La caída del aparato reabrió el debate sobre los límites de la furtividad. Esta tecnología combina elementos activos, como radios, designadores láser y radares de baja probabilidad de interceptación, con rasgos pasivos de baja observabilidad. Su propósito consiste en dificultar que los sensores enemigos detecten, sigan o ataquen una aeronave. Aun así, se han desarrollado o propuesto sistemas para contrarrestarla, entre ellos sensores IRST, radares de onda larga y configuraciones multibanda.
El rescate de Zeiko y el legado que dejó el derribo del F-117
Después de eyectarse, Zeiko tuvo dificultades para adoptar la posición adecuada en medio de fuertes fuerzas G. Una vez abierto el paracaídas, contactó con un KC-135 que había recibido su llamada y transmitió un mayday con su radio de supervivencia.
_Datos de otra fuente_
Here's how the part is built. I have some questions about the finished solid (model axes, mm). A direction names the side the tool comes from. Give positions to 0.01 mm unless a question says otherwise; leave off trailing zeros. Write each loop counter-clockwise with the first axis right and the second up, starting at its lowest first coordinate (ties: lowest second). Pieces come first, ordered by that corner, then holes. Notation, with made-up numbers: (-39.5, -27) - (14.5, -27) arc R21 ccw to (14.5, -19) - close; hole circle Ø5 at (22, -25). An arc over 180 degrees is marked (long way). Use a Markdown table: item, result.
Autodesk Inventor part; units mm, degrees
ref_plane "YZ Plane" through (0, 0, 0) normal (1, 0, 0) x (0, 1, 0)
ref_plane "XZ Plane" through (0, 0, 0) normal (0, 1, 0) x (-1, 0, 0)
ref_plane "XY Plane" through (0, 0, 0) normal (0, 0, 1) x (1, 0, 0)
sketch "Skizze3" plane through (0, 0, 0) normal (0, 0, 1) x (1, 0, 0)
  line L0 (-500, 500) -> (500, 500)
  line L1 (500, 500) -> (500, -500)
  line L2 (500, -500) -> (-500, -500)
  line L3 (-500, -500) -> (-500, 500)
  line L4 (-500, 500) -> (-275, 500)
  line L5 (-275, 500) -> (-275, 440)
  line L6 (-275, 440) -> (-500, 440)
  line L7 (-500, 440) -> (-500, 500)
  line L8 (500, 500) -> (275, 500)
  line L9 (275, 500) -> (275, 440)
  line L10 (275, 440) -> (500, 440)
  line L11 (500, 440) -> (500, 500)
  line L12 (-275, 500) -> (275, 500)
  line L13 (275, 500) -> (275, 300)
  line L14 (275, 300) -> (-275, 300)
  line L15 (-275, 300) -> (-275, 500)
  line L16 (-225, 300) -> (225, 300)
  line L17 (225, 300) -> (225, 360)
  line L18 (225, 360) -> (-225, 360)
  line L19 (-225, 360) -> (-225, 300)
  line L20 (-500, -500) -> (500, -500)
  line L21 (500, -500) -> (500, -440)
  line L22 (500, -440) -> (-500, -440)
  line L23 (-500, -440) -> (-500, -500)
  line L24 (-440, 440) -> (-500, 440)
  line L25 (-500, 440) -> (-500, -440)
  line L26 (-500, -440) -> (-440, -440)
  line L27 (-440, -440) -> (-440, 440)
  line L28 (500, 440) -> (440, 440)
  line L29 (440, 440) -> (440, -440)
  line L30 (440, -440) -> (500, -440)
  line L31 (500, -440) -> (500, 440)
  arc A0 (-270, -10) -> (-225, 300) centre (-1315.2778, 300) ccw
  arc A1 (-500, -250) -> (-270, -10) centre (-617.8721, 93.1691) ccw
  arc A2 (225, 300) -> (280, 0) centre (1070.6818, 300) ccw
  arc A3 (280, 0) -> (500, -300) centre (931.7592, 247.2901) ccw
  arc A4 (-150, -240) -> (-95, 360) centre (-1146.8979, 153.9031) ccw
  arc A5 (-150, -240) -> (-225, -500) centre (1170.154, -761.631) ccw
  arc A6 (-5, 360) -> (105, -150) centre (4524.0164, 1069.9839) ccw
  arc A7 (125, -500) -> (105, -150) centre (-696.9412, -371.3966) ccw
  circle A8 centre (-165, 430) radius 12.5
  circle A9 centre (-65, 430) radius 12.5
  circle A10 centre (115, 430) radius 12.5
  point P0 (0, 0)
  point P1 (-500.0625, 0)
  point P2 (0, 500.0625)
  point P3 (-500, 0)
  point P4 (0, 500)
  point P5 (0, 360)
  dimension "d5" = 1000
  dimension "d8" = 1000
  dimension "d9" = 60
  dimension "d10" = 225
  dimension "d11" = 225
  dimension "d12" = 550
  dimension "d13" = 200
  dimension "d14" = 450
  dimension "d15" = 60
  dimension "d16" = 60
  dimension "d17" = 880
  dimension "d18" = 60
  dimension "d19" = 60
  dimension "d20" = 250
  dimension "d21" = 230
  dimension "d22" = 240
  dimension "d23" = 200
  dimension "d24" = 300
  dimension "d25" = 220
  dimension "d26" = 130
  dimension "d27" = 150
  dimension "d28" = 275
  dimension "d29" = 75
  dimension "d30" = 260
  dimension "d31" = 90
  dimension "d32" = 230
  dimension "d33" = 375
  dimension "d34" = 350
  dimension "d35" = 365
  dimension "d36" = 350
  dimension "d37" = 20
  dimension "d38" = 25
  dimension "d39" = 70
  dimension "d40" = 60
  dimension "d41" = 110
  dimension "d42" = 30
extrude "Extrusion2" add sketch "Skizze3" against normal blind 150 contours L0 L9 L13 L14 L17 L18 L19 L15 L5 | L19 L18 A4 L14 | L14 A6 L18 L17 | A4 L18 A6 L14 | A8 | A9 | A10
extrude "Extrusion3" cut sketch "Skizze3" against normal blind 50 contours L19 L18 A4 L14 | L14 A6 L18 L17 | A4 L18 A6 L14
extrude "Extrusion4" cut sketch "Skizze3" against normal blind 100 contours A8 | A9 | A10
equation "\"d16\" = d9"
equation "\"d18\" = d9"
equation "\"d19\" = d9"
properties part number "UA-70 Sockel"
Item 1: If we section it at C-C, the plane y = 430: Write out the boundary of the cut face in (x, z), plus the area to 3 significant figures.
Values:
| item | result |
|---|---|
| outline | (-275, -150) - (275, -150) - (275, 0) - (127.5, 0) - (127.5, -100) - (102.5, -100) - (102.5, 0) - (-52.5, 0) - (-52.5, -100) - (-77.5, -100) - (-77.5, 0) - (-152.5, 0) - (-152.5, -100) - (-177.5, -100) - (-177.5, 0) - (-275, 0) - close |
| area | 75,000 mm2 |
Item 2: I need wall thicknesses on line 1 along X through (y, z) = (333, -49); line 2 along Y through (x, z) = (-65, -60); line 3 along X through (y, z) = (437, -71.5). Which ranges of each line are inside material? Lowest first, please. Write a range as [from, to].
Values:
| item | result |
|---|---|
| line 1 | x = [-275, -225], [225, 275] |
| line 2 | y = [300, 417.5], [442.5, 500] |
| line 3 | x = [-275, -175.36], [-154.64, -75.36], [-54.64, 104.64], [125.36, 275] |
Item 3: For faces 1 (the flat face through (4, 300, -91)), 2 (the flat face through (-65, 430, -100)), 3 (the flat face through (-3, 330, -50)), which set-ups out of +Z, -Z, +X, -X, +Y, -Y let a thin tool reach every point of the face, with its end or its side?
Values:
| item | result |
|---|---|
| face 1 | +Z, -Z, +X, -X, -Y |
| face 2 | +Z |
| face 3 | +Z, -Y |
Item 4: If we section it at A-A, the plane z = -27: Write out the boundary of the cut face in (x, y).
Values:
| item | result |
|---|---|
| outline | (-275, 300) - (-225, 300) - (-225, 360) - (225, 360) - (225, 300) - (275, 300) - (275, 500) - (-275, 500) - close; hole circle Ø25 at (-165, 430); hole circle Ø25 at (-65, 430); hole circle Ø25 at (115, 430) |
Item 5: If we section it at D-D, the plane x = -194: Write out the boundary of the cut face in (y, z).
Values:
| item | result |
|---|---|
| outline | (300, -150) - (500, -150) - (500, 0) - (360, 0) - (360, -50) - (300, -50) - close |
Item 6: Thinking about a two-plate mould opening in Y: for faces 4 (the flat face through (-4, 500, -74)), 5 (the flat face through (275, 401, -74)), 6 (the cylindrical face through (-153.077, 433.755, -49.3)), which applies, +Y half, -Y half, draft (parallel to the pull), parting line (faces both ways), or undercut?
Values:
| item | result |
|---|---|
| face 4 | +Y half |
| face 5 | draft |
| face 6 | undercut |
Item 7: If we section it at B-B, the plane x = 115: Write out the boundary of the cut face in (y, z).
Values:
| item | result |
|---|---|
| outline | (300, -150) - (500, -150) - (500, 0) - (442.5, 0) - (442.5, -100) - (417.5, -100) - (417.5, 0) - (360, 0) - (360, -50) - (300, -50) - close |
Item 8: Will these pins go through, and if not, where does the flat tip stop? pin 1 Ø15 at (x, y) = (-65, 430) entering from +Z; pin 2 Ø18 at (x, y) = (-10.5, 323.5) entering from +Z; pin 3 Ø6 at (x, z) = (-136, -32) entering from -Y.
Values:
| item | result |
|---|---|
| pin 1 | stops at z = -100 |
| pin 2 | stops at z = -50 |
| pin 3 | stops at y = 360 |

El piloto incumplió el protocolo habitual de evasión al usar ese equipo mientras avanzaba por tierra. Cayó en un campo al sur de Ruma y se ocultó en una zanja de drenaje.
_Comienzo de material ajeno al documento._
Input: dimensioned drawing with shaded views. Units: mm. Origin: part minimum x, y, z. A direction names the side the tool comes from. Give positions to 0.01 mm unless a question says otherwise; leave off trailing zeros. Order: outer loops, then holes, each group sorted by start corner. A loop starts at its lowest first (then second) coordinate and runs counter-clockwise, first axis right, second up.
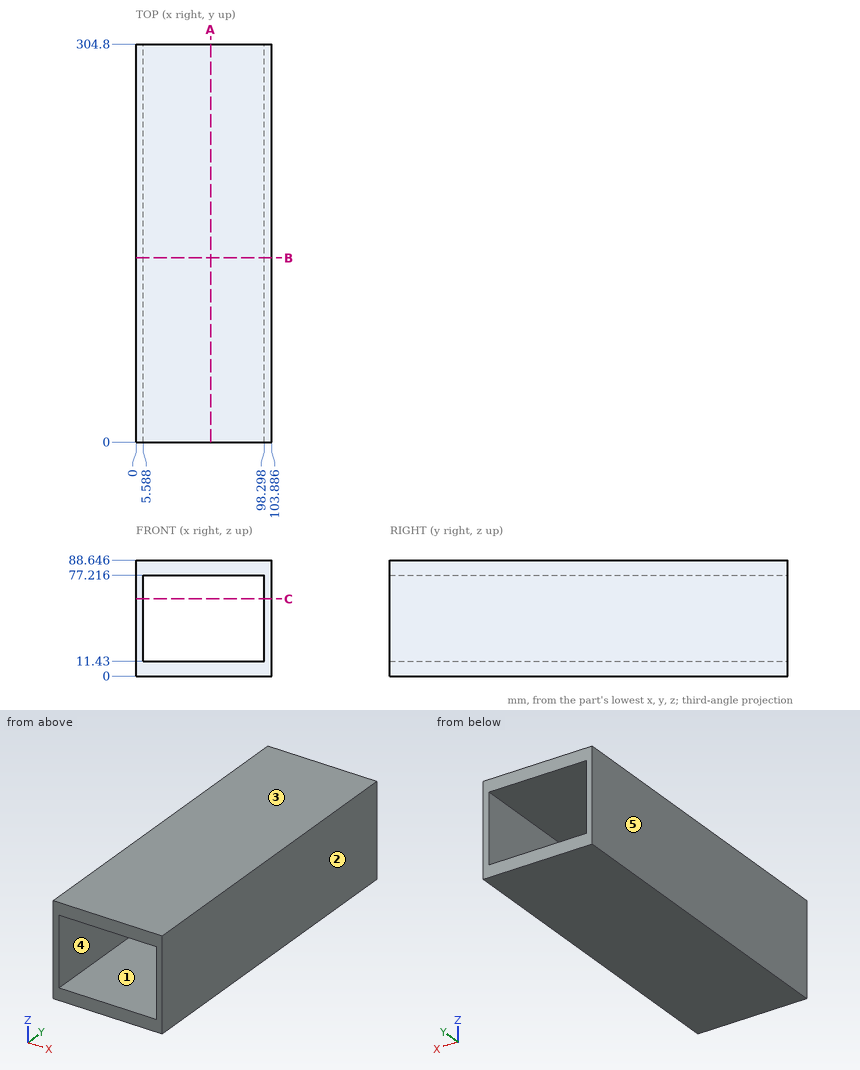
1) Material intervals for L1, parallel to X at y = 242.5, z = 57; L2, parallel to Z at x = 20.5, y = 80, sorted ascending.
Report:
L1: x = 0 to 5.59, 98.3 to 103.89
L2: z = 0 to 11.43, 77.22 to 88.65
2) Section query B-B, the plane y = 141. Return the cut outline in (x, z), and give its area (3 significant figures).
Report:
outline: (0, 0) - (103.89, 0) - (103.89, 88.65) - (0, 88.65) - close; hole (5.59, 11.43) - (98.3, 11.43) - (98.3, 77.22) - (5.59, 77.22) - close
area: 3,110 mm2
3) Section query A-A, the plane x = 57. Return the cut outline in (y, z).
Report:
outline: (0, 0) - (304.8, 0) - (304.8, 11.43) - (0, 11.43) - close; (0, 77.22) - (304.8, 77.22) - (304.8, 88.65) - (0, 88.65) - close
4) Section query C-C, the plane z = 59. Return the cut outline in (x, y), and give its area (3 significant figures).
Report:
outline: (0, 0) - (5.59, 0) - (5.59, 304.8) - (0, 304.8) - close; (98.3, 0) - (103.89, 0) - (103.89, 304.8) - (98.3, 304.8) - close
area: 3,410 mm2
5) Draft query along X for the marked faces 3, 4 and 5. Return one class per face: +X half, -X half, draft (parallel to the pull), parting line (faces both ways), or undercut.
Report:
face 3: draft
face 4: undercut
face 5: -X half
6) Reachability of the marked faces 1 and 2 from +Z, -Z, +X, -X, +Y, -Y: full face, straight path, thin tool, end or side. Return the list, or none.
Report:
face 1: +Y, -Y
face 2: +Z, -Z, +X, +Y, -Y

Mientras permanecía escondido, sintió las ondas expansivas de los bombarderos de la OTAN que atacaban Belgrado. Terminó a alrededor de una milla del lugar donde impactó el avión, mientras soldados yugoslavos, policías y vecinos rastreaban la zona alrededor de los restos en llamas. El rescate llegó unas ocho horas después con una unidad de la USAF que empleó dos helicópteros Sikorsky MH-53 y un HH-60 Pave Hawk.

Con el paso del tiempo, el derribo adquirió un peso simbólico mayor. Zeiko recordó que, mientras bajaba en paracaídas, imaginó un futuro encuentro con quien había disparado el misil para decirle: “Buen disparo”. Años después de la guerra, él y Dani efectivamente se reunieron y establecieron una amistad. La pérdida del avión también quebró la imagen de invulnerabilidad construida alrededor de un modelo que había completado 39 salidas en Tormenta del Desierto.
El F-117 abrió el camino a aparatos como el B-2 Spirit, el F-22 Raptor, el F-35 Lightning II y el B-21 Raider, pero su historia quedó marcada por aquella noche en Serbia. Aunque fue retirado oficialmente en 2007, la aeronave sigue en distintas misiones y entrenamientos. Wes O’Donnell resumió la lección del episodio con una frase que condensó su sentido histórico: “El exceso de confianza en la tecnología conduce a errores”.